Only one stretch of the records below is wanted: the lines from the one holding "Meters and whole degrees." through the one holding "#4 oxford shoe [0,214,435,479]". Return it exactly, both ends included.
___ Records for this task ___
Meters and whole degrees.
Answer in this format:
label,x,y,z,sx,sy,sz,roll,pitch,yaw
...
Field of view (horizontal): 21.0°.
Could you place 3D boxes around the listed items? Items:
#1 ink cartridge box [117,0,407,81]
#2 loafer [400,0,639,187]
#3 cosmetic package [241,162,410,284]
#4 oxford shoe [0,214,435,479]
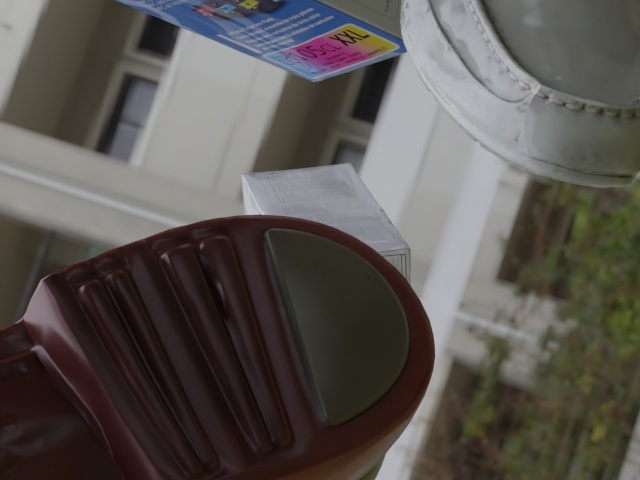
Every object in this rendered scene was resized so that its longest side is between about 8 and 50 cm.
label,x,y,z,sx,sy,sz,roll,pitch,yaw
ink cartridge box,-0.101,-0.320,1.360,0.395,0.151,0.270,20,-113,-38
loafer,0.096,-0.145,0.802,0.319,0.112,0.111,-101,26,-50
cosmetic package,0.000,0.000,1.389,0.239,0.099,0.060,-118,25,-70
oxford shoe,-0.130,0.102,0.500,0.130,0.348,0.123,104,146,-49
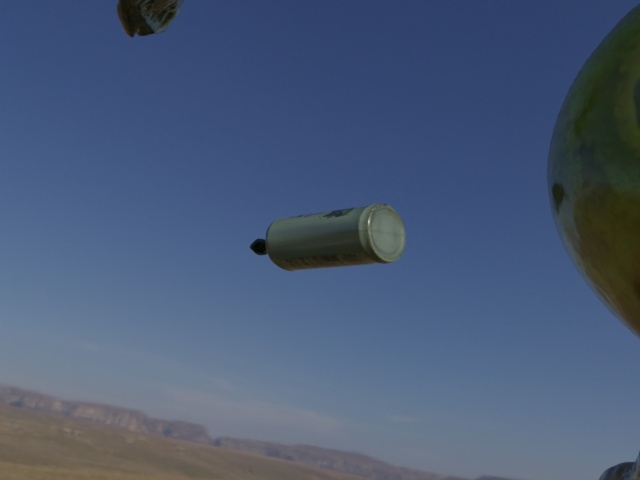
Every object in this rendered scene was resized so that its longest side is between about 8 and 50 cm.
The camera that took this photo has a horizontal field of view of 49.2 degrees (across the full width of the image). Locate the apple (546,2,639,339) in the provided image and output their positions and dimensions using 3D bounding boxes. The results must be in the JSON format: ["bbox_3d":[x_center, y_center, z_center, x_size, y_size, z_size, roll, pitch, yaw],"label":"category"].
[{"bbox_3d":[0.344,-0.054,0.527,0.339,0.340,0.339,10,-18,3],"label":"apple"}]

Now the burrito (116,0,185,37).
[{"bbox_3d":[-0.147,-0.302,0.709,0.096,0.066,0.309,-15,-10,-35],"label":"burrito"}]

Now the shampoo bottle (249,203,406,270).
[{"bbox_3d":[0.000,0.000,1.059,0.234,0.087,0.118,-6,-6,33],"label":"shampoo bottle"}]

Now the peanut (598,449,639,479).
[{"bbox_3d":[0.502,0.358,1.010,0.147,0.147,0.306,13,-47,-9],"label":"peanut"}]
___
___ Records for this task ___
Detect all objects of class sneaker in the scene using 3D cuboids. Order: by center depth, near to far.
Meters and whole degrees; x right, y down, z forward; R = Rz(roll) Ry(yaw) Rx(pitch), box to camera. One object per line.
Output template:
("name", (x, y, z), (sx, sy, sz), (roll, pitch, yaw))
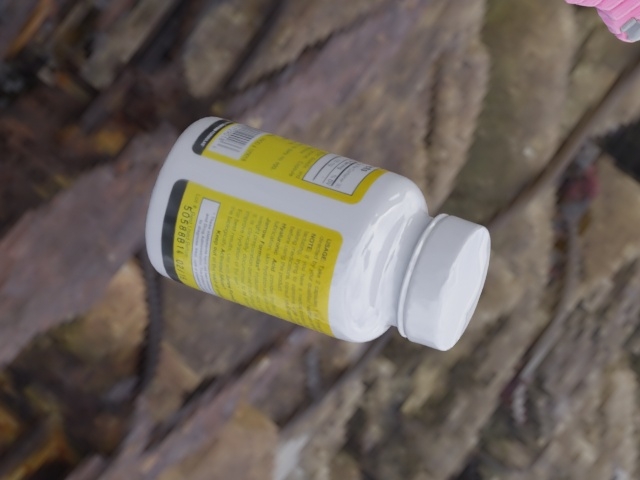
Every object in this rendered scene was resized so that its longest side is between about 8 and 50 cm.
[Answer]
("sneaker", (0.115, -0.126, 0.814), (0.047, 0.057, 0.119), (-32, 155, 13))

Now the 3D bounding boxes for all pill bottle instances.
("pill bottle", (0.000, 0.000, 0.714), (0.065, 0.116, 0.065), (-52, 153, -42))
___
» Response to the task
Meters and whole degrees.
Answer in this format:
label,x,y,z,sx,sy,sz,roll,pitch,yaw
...
Field of view (horizontal): 21.0°.
Could you place 3D boxes around the listed items? Items:
#1 ink cartridge box [117,0,407,81]
#2 loafer [400,0,639,187]
#3 cosmetic package [241,162,410,284]
#4 oxford shoe [0,214,435,479]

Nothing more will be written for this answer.